The Fund has established a Cayman Islands exempted company that is wholly-owned and controlled by the Fund (the "Subsidiary"). The Fund may invest up to 25% of its total assets in the Subsidiary. The Subsidiary invests primarily in commodity-linked derivatives (including commodity futures, financial futures, options and swap contracts) and exchange traded funds related to gold or other special minerals ("Gold ETFs"). The Subsidiary may also invest in certain fixed-income securities and other investments that may serve as margin or collateral for its derivatives positions. Investments in the Subsidiary are intended to provide the Fund with exposure to commodities market returns within the limitations of the federal tax requirements that apply to the Fund. The Subsidiary is subject to the same investment restrictions and guidelines, and follows the same compliance policies and procedures, as the Fund. The Fund's investment in the Subsidiary may vary based on the portfolio managers' use of different types of commodity-linked derivatives, fixed-income securities, Gold ETFs, and other investments. Since the Fund may invest a substantial portion of its assets in the Subsidiary, which may hold certain of the investments described in this prospectus, the Fund may be considered to be investing indirectly in those investments through its Subsidiary. Therefore, references in this prospectus to investments by the Fund also may be deemed to include the Fund's indirect investments through the Subsidiary.

The Fund's holdings may at times differ significantly from the weightings of the indices comprising its reference index (the "Reference Index"). The Fund's Reference Index is a customized weighted index currently comprised of the following underlying broad-based security indices: 30% of the Russell 1000 Index, 30% of the MSCI All Country World Index (ex-U.S.), 20% of the Barclays Capital Aggregate Bond Index, and 20% of the Barclay's Multiverse Index (ex-U.S.). The Fund is not managed to be invested in the same percentages as those indices comprising the Reference Index. 

Principal Risks. The price of the Fund's shares can go up and down substantially. The value of the Fund's investments may change because of broad changes in the markets in which the Fund invests or because of poor investment selection, which could cause the Fund to underperform other funds with similar investment objectives. There is no assurance that the Fund will achieve its investment objective. When you redeem your shares, they may be worth more or less than what you paid for them.
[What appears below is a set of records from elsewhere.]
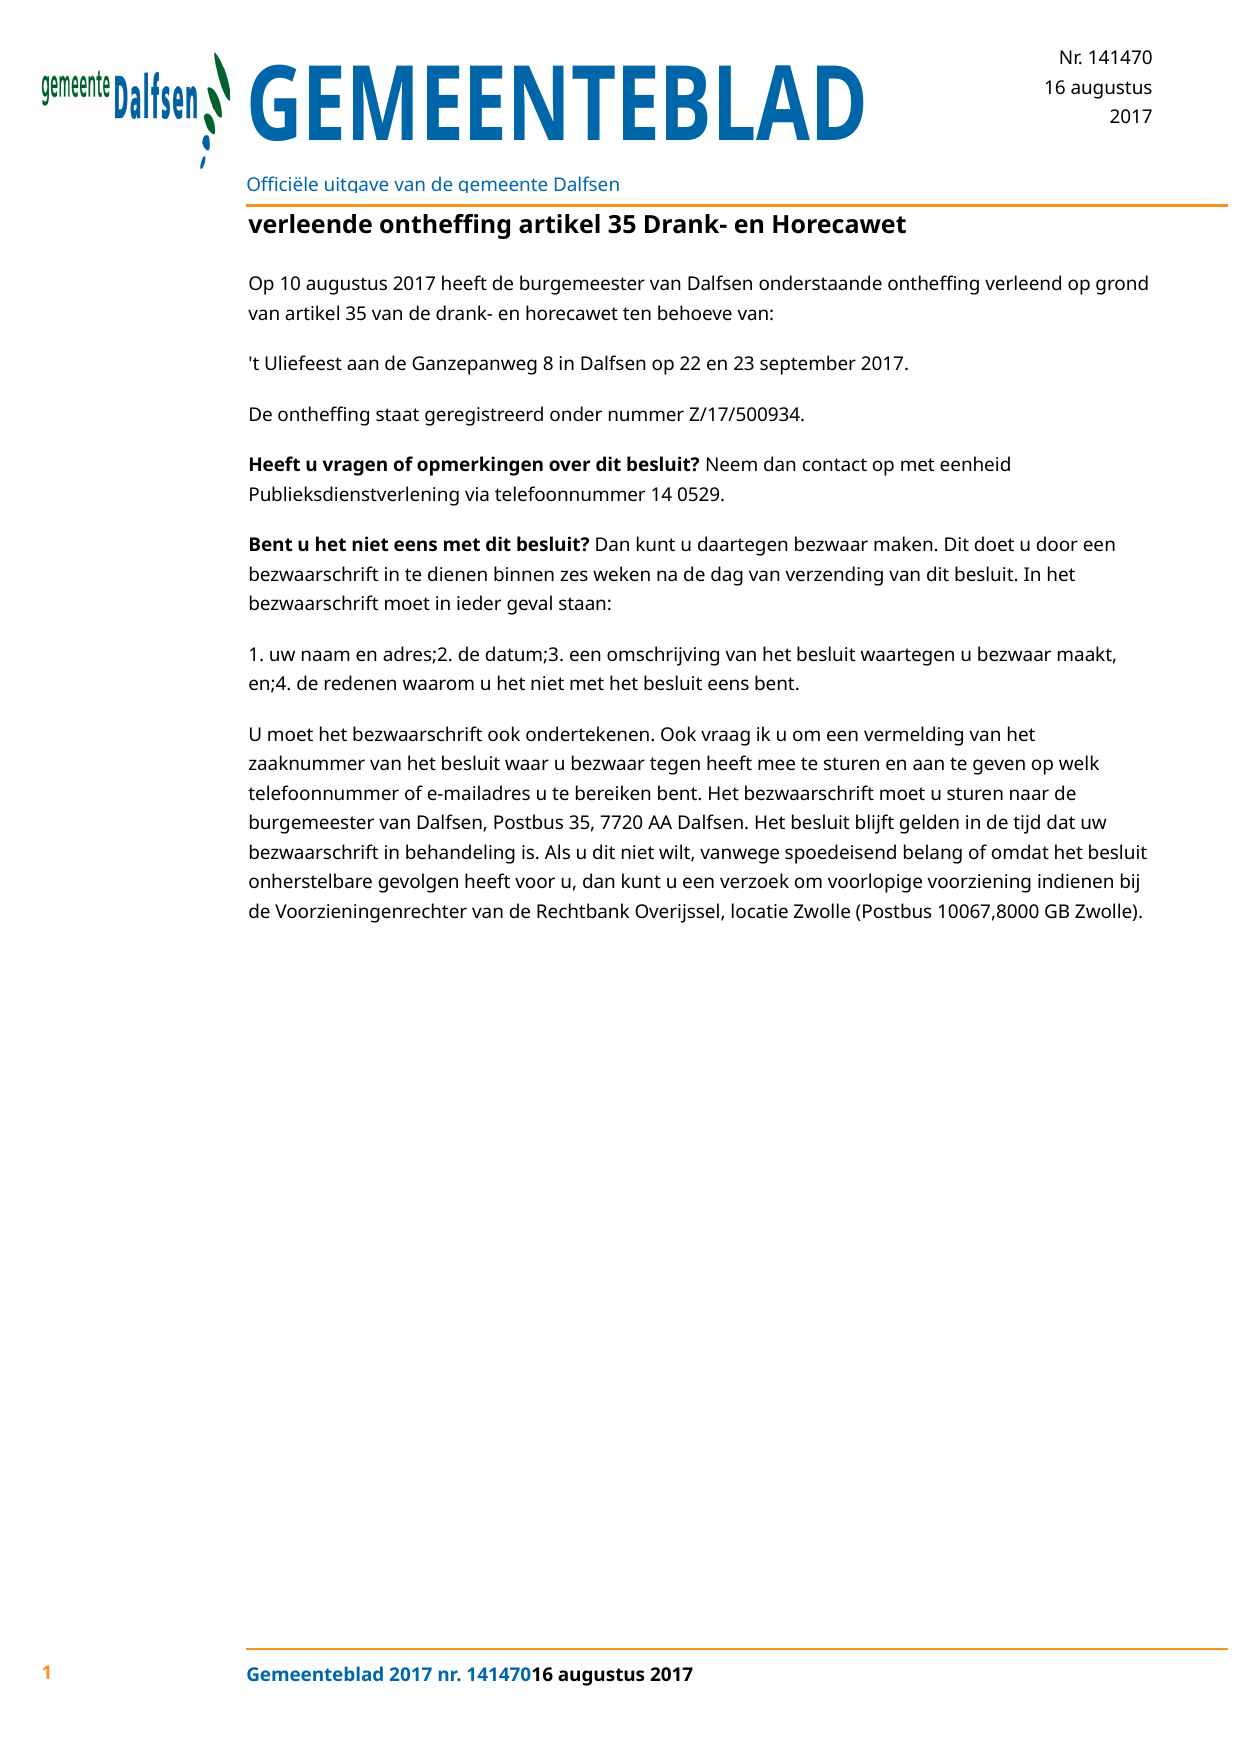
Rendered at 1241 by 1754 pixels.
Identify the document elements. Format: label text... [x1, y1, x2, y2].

picture [41, 47, 231, 172]
text 't Uliefeest aan de Ganzepanweg 8 in Dalfsen op 22 en 23 september 2017. [248, 350, 1152, 376]
text U moet het bezwaarschrift ook ondertekenen. Ook vraag ik u om een vermelding van het zaaknummer van het besluit waar u bezwaar tegen heeft mee te sturen en aan te geven op welk telefoonnummer of e-mailadres u te bereiken bent. Het bezwaarschrift moet u sturen naar de burgemeester van Dalfsen, Postbus 35, 7720 AA Dalfsen. Het besluit blijft gelden in de tijd dat uw bezwaarschrift in behandeling is. Als u dit niet wilt, vanwege spoedeisend belang of omdat het besluit onherstelbare gevolgen heeft voor u, dan kunt u een verzoek om voorlopige voorziening indienen bij de Voorzieningenrechter van de Rechtbank Overijssel, locatie Zwolle (Postbus 10067,8000 GB Zwolle). [248, 721, 1152, 924]
text Op 10 augustus 2017 heeft de burgemeester van Dalfsen onderstaande ontheffing verleend op grond van artikel 35 van de drank- en horecawet ten behoeve van: [248, 270, 1152, 326]
text Bent u het niet eens met dit besluit? Dan kunt u daartegen bezwaar maken. Dit doet u door een bezwaarschrift in te dienen binnen zes weken na de dag van verzending van dit besluit. In het bezwaarschrift moet in ieder geval staan: [248, 531, 1152, 616]
text De ontheffing staat geregistreerd onder nummer Z/17/500934. [248, 401, 1152, 426]
text verleende ontheffing artikel 35 Drank- en Horecawet [248, 207, 1152, 241]
text 1. uw naam en adres;2. de datum;3. een omschrijving van het besluit waartegen u bezwaar maakt, en;4. de redenen waarom u het niet met het besluit eens bent. [248, 641, 1152, 696]
text Heeft u vragen of opmerkingen over dit besluit? Neem dan contact op met eenheid Publieksdienstverlening via telefoonnummer 14 0529. [248, 451, 1152, 506]
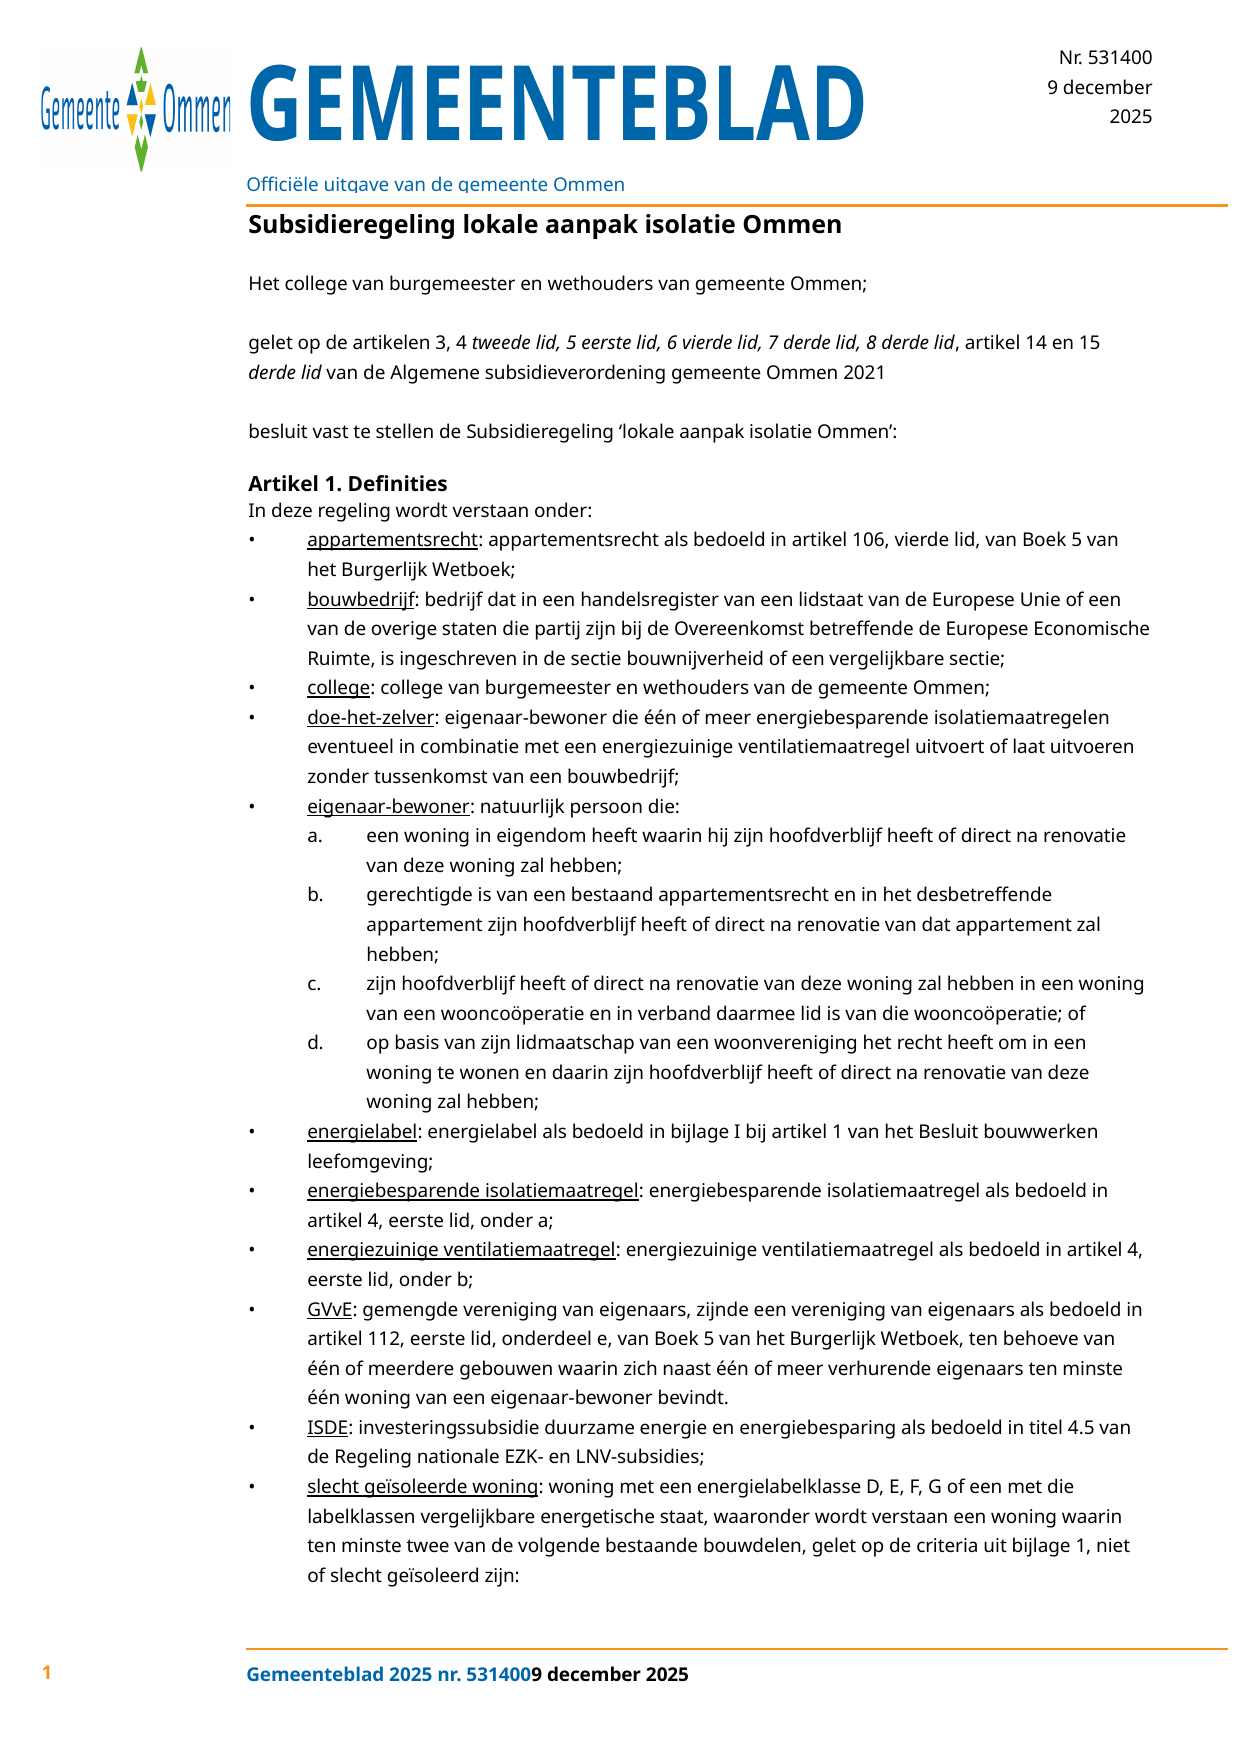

These risks mean that you can lose money by investing in the Fund.

Asset Allocation Risk. The Fund's ability to achieve its investment objective depends largely upon the portfolio managers' skill in selecting the best mix of investments. There is the risk that the portfolio managers' evaluations and assumptions regarding the prospects of the global financial markets may be incorrect and the Fund's performance may be adversely affected by their asset allocation decisions.

Market Risk. The value of the securities in which the Fund invests may be affected by changes in the securities markets. Securities markets may experience significant short-term volatility and may fall sharply at times. Different markets may behave differently from each other and U.S. markets may move in the opposite direction from one or more foreign markets.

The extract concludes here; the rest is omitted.